From the records that follow, copy every line that contains the word "objects".

(Records contained in a dataset)
Start of Block

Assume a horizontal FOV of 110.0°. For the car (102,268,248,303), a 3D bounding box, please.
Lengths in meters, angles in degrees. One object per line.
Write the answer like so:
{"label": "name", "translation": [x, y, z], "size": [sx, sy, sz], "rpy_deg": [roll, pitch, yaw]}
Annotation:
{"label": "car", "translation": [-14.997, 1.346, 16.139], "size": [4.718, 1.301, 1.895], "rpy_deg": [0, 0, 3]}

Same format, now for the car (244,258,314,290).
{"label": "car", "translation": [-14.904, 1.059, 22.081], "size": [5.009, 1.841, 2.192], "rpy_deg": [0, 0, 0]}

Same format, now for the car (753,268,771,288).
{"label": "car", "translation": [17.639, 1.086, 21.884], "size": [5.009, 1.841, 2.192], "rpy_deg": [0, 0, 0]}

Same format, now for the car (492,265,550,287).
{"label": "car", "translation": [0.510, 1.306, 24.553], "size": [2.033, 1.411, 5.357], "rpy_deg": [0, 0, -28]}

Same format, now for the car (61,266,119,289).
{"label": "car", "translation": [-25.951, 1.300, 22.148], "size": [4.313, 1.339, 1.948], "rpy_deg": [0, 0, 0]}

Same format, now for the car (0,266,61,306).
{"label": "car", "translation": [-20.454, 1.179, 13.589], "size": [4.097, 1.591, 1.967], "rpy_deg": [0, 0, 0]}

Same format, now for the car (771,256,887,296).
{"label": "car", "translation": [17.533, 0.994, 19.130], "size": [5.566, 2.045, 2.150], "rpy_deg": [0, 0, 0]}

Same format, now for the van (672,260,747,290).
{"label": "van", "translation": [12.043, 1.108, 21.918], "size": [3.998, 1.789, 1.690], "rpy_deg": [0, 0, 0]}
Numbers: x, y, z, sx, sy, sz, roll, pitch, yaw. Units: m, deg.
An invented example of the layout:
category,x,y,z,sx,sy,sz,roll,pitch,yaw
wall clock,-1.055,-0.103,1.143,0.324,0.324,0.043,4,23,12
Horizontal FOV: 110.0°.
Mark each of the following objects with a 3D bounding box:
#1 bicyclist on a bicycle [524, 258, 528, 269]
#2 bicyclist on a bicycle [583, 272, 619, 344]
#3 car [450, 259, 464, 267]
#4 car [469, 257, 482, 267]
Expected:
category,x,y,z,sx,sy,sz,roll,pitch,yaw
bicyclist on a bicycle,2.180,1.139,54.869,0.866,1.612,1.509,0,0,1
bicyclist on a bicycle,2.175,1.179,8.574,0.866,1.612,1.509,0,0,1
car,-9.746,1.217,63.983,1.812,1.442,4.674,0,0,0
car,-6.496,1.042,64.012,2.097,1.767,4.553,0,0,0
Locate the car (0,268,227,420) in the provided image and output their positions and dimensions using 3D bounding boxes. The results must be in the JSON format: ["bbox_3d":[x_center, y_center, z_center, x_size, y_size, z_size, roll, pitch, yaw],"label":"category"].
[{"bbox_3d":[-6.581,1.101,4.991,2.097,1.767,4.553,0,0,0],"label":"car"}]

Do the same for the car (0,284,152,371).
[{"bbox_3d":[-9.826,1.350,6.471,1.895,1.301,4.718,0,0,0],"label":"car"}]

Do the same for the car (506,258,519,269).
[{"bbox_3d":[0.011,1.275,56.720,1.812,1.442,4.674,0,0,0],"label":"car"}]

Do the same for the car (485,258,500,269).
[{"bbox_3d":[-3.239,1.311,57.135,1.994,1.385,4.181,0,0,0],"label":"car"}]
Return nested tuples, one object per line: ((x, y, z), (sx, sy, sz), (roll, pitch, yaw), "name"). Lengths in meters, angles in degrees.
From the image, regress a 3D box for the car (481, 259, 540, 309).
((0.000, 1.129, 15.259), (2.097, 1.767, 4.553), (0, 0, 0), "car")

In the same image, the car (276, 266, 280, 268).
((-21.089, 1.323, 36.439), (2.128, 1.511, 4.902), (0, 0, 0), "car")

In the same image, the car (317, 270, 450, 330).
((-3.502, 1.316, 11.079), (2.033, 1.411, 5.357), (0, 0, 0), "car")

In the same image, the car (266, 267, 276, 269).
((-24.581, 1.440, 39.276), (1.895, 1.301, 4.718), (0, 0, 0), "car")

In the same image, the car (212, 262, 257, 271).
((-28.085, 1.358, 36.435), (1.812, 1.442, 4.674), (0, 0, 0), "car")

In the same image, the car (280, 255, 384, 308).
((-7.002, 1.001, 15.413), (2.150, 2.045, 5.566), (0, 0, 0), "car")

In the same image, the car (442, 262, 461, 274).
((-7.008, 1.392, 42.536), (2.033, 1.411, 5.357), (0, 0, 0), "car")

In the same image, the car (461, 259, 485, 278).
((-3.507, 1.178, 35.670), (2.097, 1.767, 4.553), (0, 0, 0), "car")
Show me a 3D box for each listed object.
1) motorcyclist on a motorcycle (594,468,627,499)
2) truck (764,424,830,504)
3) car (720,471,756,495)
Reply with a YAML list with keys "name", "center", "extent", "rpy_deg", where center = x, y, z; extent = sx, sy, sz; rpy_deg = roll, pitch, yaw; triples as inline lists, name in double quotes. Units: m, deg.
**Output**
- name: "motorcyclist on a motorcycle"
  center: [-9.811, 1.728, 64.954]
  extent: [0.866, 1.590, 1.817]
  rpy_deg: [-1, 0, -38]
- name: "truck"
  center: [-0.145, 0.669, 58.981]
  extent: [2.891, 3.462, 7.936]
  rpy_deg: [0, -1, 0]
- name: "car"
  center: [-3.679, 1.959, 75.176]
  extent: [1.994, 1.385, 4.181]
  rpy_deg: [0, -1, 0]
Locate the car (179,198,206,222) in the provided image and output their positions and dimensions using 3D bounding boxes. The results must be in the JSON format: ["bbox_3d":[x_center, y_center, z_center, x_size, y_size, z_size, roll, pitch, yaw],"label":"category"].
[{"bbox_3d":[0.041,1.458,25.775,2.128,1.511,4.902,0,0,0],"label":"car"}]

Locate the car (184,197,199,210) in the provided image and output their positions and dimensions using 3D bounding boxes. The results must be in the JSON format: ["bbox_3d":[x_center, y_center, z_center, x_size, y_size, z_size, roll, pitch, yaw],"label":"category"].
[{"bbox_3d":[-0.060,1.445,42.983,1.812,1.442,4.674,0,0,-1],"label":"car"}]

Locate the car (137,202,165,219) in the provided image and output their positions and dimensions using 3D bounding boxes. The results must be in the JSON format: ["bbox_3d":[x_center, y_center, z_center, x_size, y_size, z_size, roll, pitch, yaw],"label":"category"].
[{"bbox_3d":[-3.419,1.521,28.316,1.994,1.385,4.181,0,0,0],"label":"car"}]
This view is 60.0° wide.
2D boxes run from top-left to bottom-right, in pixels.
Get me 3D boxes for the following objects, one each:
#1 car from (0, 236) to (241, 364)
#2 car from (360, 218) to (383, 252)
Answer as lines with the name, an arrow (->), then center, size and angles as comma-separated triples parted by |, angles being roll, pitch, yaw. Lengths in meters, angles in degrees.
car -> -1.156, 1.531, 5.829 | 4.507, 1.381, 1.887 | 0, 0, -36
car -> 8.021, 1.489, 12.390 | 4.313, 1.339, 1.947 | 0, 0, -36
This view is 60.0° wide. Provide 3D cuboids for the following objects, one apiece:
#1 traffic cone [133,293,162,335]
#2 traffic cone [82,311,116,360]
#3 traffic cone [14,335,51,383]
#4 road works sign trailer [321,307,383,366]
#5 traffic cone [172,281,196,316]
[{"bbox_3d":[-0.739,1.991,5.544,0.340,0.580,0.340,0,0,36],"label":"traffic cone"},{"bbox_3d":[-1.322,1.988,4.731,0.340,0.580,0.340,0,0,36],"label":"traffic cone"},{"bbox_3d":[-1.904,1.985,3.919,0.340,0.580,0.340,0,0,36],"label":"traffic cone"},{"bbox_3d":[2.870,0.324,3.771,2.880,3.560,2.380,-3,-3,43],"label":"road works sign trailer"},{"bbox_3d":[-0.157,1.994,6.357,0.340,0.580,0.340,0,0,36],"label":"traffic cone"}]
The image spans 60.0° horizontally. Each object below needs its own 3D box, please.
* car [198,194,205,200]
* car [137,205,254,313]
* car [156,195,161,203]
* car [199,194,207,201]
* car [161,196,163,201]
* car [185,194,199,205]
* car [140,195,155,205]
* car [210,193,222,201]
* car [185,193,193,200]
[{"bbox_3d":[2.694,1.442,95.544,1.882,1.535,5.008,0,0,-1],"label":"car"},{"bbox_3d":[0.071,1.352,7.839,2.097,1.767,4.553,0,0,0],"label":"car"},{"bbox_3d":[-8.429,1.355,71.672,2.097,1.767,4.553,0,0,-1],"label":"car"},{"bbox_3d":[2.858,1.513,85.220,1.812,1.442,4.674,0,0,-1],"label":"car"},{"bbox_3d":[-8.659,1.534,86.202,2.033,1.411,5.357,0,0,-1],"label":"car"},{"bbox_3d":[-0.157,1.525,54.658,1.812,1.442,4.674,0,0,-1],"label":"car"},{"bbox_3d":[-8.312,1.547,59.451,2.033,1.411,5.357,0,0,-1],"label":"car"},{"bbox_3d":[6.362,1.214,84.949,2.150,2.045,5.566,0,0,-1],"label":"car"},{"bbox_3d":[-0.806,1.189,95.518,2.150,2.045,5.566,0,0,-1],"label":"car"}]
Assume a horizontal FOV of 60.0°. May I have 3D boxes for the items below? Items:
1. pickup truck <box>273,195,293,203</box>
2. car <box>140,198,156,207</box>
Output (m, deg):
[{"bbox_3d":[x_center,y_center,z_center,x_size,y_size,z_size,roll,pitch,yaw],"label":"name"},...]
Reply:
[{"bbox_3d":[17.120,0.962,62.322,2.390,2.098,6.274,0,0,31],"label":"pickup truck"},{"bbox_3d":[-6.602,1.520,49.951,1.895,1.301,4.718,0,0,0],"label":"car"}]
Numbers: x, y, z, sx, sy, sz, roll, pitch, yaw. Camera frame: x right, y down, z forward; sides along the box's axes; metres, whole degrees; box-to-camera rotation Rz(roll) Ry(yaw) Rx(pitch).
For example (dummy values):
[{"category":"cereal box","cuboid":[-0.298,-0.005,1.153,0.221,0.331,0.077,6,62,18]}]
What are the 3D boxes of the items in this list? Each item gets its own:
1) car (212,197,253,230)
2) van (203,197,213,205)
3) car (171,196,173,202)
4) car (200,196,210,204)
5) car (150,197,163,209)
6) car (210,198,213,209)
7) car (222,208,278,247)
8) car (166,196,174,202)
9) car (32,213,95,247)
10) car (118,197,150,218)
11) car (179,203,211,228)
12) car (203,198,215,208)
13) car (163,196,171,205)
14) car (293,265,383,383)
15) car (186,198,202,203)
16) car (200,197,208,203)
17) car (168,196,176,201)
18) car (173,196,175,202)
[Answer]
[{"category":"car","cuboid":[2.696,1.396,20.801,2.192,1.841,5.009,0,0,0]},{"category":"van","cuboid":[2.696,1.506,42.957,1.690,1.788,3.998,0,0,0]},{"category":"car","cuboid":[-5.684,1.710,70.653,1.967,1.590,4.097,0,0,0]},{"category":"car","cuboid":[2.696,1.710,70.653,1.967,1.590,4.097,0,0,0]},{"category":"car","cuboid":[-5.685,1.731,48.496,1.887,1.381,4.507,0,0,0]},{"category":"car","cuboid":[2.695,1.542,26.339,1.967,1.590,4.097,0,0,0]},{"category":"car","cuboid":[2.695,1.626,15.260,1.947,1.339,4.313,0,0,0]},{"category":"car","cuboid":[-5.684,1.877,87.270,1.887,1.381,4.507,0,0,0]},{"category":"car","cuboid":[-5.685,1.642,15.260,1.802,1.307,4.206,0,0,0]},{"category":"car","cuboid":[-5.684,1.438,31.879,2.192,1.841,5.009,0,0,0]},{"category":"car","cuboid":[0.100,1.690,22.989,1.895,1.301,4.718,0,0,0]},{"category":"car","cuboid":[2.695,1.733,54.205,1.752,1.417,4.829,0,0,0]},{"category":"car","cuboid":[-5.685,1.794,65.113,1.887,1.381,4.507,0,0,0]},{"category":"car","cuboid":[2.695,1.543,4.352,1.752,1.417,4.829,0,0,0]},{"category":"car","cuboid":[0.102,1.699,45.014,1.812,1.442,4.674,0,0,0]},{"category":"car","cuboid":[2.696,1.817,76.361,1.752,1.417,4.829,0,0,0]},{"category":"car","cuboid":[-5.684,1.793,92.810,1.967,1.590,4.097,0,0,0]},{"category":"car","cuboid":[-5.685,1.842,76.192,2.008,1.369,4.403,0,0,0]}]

End of Block

FINISHED TASK
Mark each of the following objects with a 3D bounding box:
Get me 3D boxes for the following objects, one each:
This view is 60.0° wide. Provide 3D cuboids for the following objects, one apiece:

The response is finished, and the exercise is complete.